A new report released today from the National Academies of Sciences, Engineering and Medicine has confirmed that abortion is safe – debunking once again the myths and misinformation pushed by opponents of legal abortion.
Let’s hope it’s once and for all, since those myths and misinformation have been used to enact 401 new restrictions on abortion since 2011. The report shows no evidence that those restrictions improve the safety or quality of abortion care. Instead, they impede a woman’s ability to get the care she needs. Faced with this comprehensive evidence, will politicians finally stop meddling in our personal decisions and health care? I am hopeful—but I won’t hold my breath.
I’ve worked with Colorado communities for more than a decade, and I’ve seen firsthand what having an abortion means for women: the ability to safely end a pregnancy and go on with her life.
My abortion saved my family.
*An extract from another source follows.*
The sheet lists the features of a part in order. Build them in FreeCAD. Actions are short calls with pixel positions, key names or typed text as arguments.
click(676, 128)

Abortion care provided me the opportunity to stop short of falling into deeper poverty, and today I am able to thrive – and my family is able to thrive – because of access to a safe and legal abortion in Colorado.
The study confirmed something public health experts and community leaders from across the country have observed: that restrictions on abortion, which vary widely from state to state, make it harder to get safe, quality care. Some of these restrictions, like forced delays and bans on insurance coverage, force women to delay care for weeks while they jump through hoops and raise funds to pay out-of-pocket.
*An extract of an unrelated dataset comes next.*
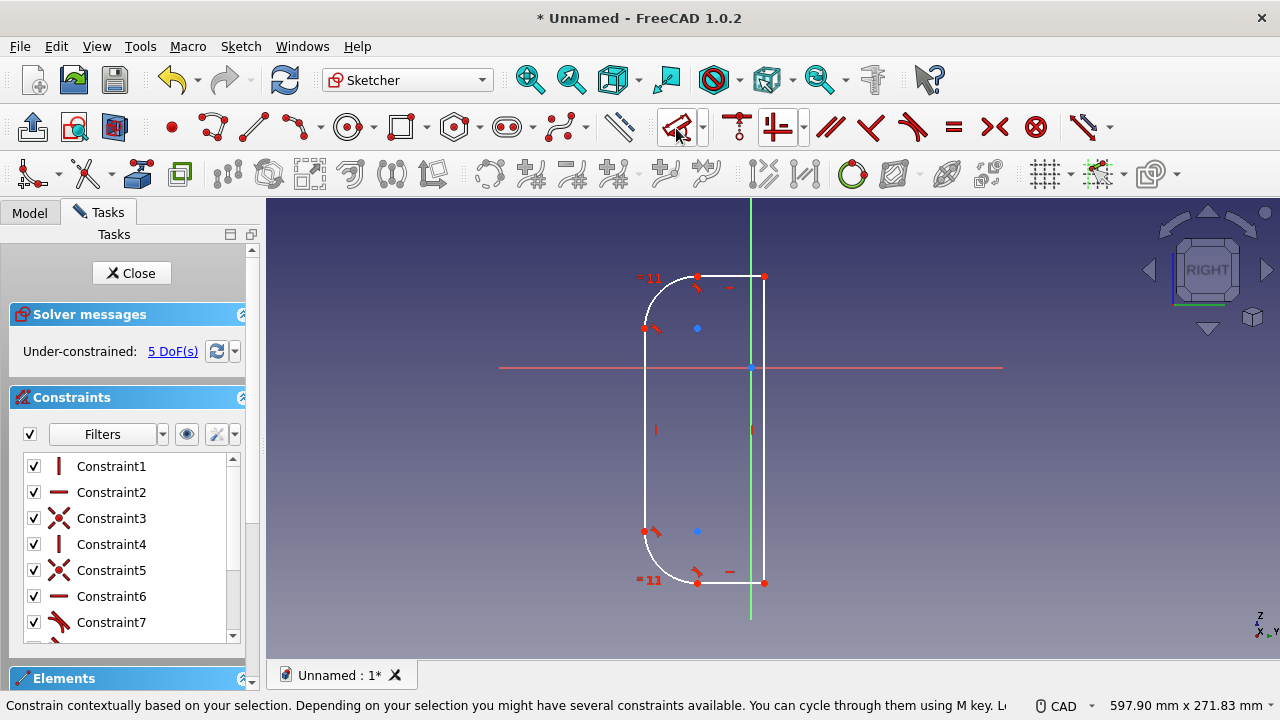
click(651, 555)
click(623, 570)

If I had shown up for care after the multiple hoops of raising money and being absent from various jobs, and was told I had to wait 24 hours and make yet another appointment, that alone could have placed care beyond my reach altogether. Needless to say, being told that one must wait any length of time to “ensure” a person like me seeking abortion treatment can “think over” what already is an intensely personal decision is insulting and infantilizes the decision-making of an adult who has already determined what’s best for them and their family. It’s unconscionable that politicians would stand in the way of a woman receiving safe, quality care as soon as she has made her decision.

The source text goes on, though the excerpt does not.